• **Supplied material**:
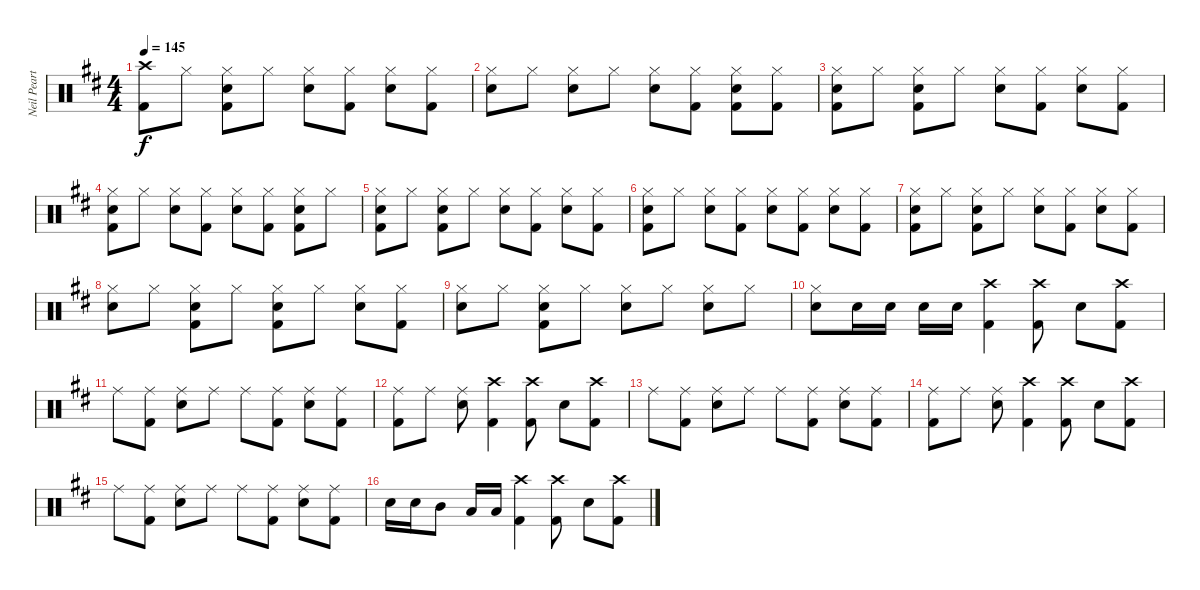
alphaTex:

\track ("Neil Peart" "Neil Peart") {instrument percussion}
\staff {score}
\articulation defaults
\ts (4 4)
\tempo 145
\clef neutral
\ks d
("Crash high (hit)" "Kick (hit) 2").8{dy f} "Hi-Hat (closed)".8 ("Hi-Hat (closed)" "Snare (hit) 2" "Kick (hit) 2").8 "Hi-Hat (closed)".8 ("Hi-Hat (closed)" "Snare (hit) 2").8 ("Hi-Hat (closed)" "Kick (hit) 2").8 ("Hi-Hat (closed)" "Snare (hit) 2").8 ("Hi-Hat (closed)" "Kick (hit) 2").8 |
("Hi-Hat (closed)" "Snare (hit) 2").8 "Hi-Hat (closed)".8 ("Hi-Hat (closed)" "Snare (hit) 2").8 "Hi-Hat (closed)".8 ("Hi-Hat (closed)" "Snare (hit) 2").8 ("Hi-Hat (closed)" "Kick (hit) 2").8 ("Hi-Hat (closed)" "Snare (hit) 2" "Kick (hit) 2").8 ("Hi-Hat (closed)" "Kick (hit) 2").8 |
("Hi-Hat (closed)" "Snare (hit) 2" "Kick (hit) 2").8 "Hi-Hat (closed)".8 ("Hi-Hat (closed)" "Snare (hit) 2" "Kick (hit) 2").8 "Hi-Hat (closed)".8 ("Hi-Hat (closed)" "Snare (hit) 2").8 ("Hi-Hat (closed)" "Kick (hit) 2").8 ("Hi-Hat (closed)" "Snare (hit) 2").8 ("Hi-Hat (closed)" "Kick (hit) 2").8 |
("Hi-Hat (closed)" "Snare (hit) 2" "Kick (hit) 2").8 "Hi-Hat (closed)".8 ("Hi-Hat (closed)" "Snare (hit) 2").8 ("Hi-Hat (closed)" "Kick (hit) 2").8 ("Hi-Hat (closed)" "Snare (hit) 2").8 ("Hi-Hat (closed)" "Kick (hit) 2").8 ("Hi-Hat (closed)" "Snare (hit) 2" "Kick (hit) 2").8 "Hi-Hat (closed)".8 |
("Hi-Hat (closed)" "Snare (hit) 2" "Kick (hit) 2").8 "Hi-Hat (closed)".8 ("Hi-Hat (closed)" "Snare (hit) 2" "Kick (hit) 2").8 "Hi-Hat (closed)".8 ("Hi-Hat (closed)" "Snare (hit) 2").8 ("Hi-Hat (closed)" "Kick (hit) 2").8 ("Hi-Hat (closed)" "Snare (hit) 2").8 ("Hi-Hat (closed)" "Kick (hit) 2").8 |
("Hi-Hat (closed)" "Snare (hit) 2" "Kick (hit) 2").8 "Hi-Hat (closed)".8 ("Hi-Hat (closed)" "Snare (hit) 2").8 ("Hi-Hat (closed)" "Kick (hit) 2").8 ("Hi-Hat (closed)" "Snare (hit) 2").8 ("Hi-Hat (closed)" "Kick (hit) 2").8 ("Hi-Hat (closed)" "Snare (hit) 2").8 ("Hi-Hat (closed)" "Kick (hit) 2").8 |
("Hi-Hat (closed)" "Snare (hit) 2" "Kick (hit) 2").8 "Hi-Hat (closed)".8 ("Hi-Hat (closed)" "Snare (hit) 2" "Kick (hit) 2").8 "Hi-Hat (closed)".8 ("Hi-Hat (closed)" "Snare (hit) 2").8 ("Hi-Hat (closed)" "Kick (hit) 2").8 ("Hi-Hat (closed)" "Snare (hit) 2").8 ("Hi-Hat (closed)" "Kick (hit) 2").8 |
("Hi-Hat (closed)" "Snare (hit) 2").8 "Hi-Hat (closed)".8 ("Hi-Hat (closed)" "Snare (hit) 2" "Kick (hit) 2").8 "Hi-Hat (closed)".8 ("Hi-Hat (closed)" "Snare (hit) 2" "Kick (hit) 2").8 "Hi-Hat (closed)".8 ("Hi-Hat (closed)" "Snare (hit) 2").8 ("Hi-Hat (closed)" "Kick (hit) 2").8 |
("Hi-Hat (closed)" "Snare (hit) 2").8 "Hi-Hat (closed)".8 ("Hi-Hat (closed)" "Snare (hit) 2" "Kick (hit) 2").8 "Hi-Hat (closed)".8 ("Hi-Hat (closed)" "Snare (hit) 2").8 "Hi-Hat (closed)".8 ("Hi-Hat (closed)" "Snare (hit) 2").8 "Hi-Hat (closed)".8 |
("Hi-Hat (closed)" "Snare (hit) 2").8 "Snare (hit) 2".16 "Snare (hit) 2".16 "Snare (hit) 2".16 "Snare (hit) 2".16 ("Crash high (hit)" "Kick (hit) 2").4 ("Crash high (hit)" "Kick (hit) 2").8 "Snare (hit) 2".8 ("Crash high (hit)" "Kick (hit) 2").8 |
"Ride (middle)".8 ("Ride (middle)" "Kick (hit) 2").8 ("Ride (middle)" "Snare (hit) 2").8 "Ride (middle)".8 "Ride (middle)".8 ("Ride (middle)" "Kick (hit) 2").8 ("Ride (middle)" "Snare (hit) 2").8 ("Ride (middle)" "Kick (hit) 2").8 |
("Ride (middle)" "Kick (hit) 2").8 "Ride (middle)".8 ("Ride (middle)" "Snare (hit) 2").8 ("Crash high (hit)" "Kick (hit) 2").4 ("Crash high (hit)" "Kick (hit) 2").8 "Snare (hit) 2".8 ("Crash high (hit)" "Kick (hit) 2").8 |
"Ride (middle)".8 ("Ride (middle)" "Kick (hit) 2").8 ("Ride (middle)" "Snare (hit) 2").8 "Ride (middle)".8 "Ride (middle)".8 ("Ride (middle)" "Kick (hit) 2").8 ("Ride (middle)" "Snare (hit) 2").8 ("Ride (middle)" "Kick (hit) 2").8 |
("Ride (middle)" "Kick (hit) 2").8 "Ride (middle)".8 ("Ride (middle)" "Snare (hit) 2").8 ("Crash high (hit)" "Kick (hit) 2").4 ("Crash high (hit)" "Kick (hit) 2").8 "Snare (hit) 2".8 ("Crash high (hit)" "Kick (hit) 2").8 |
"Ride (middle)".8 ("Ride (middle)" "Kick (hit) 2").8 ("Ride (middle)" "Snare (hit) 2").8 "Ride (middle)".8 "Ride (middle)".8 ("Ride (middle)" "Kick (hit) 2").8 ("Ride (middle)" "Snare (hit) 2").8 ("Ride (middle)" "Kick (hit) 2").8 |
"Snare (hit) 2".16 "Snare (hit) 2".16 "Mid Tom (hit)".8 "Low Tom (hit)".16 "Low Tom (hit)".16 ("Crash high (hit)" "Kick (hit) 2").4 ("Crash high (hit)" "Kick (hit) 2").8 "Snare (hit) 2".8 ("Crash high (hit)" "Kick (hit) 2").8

• **Task requirements**: Search the listing above for the string "high" and return each line it appears on.

• **Output for this exercise**:
("Crash high (hit)" "Kick (hit) 2").8{dy f} "Hi-Hat (closed)".8 ("Hi-Hat (closed)" "Snare (hit) 2" "Kick (hit) 2").8 "Hi-Hat (closed)".8 ("Hi-Hat (closed)" "Snare (hit) 2").8 ("Hi-Hat (closed)" "Kick (hit) 2").8 ("Hi-Hat (closed)" "Snare (hit) 2").8 ("Hi-Hat (closed)" "Kick (hit) 2").8 |
("Hi-Hat (closed)" "Snare (hit) 2").8 "Snare (hit) 2".16 "Snare (hit) 2".16 "Snare (hit) 2".16 "Snare (hit) 2".16 ("Crash high (hit)" "Kick (hit) 2").4 ("Crash high (hit)" "Kick (hit) 2").8 "Snare (hit) 2".8 ("Crash high (hit)" "Kick (hit) 2").8 |
("Ride (middle)" "Kick (hit) 2").8 "Ride (middle)".8 ("Ride (middle)" "Snare (hit) 2").8 ("Crash high (hit)" "Kick (hit) 2").4 ("Crash high (hit)" "Kick (hit) 2").8 "Snare (hit) 2".8 ("Crash high (hit)" "Kick (hit) 2").8 |
("Ride (middle)" "Kick (hit) 2").8 "Ride (middle)".8 ("Ride (middle)" "Snare (hit) 2").8 ("Crash high (hit)" "Kick (hit) 2").4 ("Crash high (hit)" "Kick (hit) 2").8 "Snare (hit) 2".8 ("Crash high (hit)" "Kick (hit) 2").8 |
"Snare (hit) 2".16 "Snare (hit) 2".16 "Mid Tom (hit)".8 "Low Tom (hit)".16 "Low Tom (hit)".16 ("Crash high (hit)" "Kick (hit) 2").4 ("Crash high (hit)" "Kick (hit) 2").8 "Snare (hit) 2".8 ("Crash high (hit)" "Kick (hit) 2").8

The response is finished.